**Dataset entries:**
_____

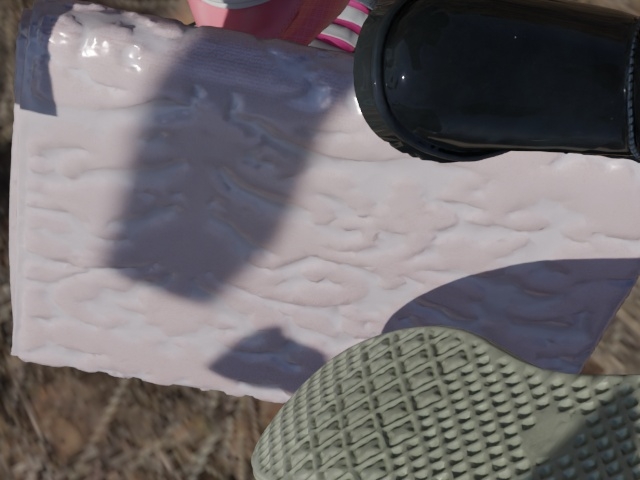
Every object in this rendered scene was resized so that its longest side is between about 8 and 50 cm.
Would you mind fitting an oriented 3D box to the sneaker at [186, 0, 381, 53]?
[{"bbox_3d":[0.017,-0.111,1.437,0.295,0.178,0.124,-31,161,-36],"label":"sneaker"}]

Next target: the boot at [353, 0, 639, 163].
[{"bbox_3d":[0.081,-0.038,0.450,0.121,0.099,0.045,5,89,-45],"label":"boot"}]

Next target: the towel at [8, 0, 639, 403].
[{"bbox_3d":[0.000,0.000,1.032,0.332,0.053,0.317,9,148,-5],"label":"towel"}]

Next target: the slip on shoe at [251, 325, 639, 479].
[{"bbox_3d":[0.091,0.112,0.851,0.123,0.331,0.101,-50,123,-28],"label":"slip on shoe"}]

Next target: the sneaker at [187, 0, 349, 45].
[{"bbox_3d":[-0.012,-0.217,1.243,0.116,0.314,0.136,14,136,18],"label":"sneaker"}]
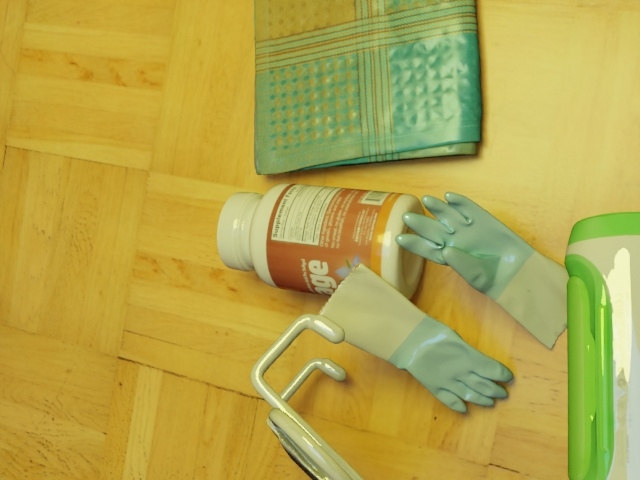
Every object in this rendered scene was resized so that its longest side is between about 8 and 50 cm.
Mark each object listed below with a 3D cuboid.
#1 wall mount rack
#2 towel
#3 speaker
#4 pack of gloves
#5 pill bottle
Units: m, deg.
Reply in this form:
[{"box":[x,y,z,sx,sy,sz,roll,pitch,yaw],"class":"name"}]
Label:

_____

**Work task:**
Would you repeat the lines from the one containing "Units: m, deg." through the end of the data, exactly, with nothing before or after them?

**Solution for this problem:**
Units: m, deg.
Reply in this form:
[{"box":[x,y,z,sx,sy,sz,roll,pitch,yaw],"class":"name"}]
Label:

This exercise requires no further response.